If pricing in Europe and North America follow, I'll bet this is a strong indicator that the next 5-series body will do 4K video...


----------



## WeekendWarrior (Jan 15, 2015)

Famateur said:


> If pricing in Europe and North America follow, I'll bet this is a strong indicator that the next 5-series body will do 4K video...



Lets hope!


----------



## user3977 (Jan 15, 2015)

can anyone tell the reason to use this body for photography? I watched the victorias secret fashion show and saw a couple photographers using the 1Dc you can tell by the little red C on the body, kinda stands out with a black body. just wondering why pay the premium to use it for shooting?


----------



## thelebaron (Jan 15, 2015)

with the 4k video you can probably use screengrabs from any video it outputs as photos


----------



## preppyak (Jan 15, 2015)

user3977 said:


> can anyone tell the reason to use this body for photography? I watched the victorias secret fashion show and saw a couple photographers using the 1Dc you can tell by the little red C on the body, kinda stands out with a black body. just wondering why pay the premium to use it for shooting?


Because its a one-size fits all solution for them. The 1D-C is the 1DX, but with video capabilities for 4k as well. So, if you're a fashion photog, odds are you pretty much have to be able to do both photo and video today. 1D-C is uniquely positioned to do both, and of course, have the ability to shoot high frame rates for other pro jobs.

Honestly, if the new price is true, the question is why anyone would purchase the 1DX. For $1000 more you get 4K video, etc.



thelebaron said:


> with the 4k video you can probably use screengrabs from any video it outputs as photos


yeah, but they are jpeg compressed and prone to motion artifacts. Its the RAW cameras where 4k is really interesting


----------



## dash2k8 (Jan 15, 2015)

> with the 4k video you can probably use screengrabs from any video it outputs as photos



It's actually been done. There was a video review of screengrabs from a 1DC printed to a huge size (A1? can't remember, but it was a roll). The details were exquisite and comparable to the best stills cameras (1DX, D4s). Of course, being a jpg there was not very much leeway in post editing so the video shoot has to be done right. And as mentioned above, it's prone to motion blur because videos are usually shot at 1/50s or 1/60s, so screengrabbing from high-speed events is close to useless.


----------



## Peer (Jan 15, 2015)

dash2k8 said:


> And as mentioned above, it's prone to motion blur because videos are usually shot at 1/50s or 1/60s, so screengrabbing from high-speed events is close to useless.

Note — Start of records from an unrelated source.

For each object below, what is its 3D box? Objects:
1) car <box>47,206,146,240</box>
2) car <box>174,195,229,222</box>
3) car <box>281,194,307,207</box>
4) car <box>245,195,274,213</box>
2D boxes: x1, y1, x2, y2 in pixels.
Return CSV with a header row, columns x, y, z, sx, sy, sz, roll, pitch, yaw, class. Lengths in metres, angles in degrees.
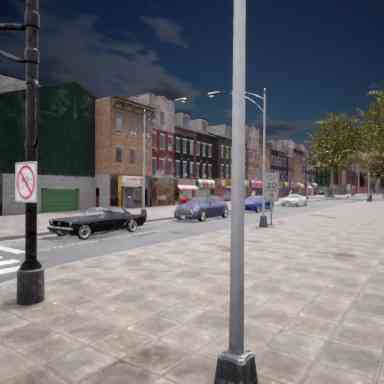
x,y,z,sx,sy,sz,roll,pitch,yaw,class
-4.487,1.408,16.229,1.895,1.301,4.718,1,1,35,car
0.725,1.038,23.530,2.097,1.767,4.553,1,1,35,car
12.167,0.972,39.517,1.812,1.442,4.674,1,1,36,car
5.992,1.049,30.905,1.882,1.535,5.008,1,1,35,car

At "high-speed events" you just bump the shutter speed for 4k frame grabs. No prob. 

-- peer


----------



## dash2k8 (Jan 15, 2015)

Peer said:


> dash2k8 said:
> 
> 
> > And as mentioned above, it's prone to motion blur because videos are usually shot at 1/50s or 1/60s, so screengrabbing from high-speed events is close to useless.
> ...



I don't follow. You're not suggesting shooting video at 1/125s or 1/250s just so you can grab stills from it? That would ruin the video itself. It would be better to just shoot photos at 1/1000s.


----------



## Peer (Jan 15, 2015)

dash2k8 said:


> I don't follow. You're not suggesting shooting video at 1/125s or 1/250s just so you can grab stills from it?



Yes, for frame grab photo shoots, that's how it's done. But, of course, for pure video footage you'd use the 180-degree rule (e.g., 1/48s for the 1DC). 

-- peer


----------



## LetTheRightLensIn (Jan 15, 2015)

WeekendWarrior said:


> Famateur said:
> 
> 
> > If pricing in Europe and North America follow, I'll bet this is a strong indicator that the next 5-series body will do 4K video...
> ...



+1


----------



## Antono Refa (Jan 15, 2015)

dash2k8 said:


> > with the 4k video you can probably use screengrabs from any video it outputs as photos
> 
> 
> 
> It's actually been done. There was a video review of screengrabs from a 1DC printed to a huge size (A1? can't remember, but it was a roll). The details were exquisite and comparable to the best stills cameras (1DX, D4s).



4K resolution is 4096x2160, which is 8.5MP with an aspect ration of 1:1.9, which AFAIK is rare in print, e.g. magazine page sizes are 1:1.3. I doubt that would make a quality print larger than A3.


----------



## Peer (Jan 15, 2015)

thelebaron said:


> with the 4k video you can probably use screengrabs from any video it outputs as photos



Nowadays, using frame-grabs in photography is a fairly common practice, (although mostly done with a 6k RED camera). Here's with the IDC: http://vimeo.com/56241602 

-- peer


----------



## PureClassA (Jan 15, 2015)

Yes...but will the new 5 body output 4k without the crud? A truly clean out for an external recorder? Does the 1DC? I don't even know


----------



## LetTheRightLensIn (Jan 15, 2015)

PureClassA said:


> Yes...but will the new 5 body output 4k without the crud? A truly clean out for an external recorder?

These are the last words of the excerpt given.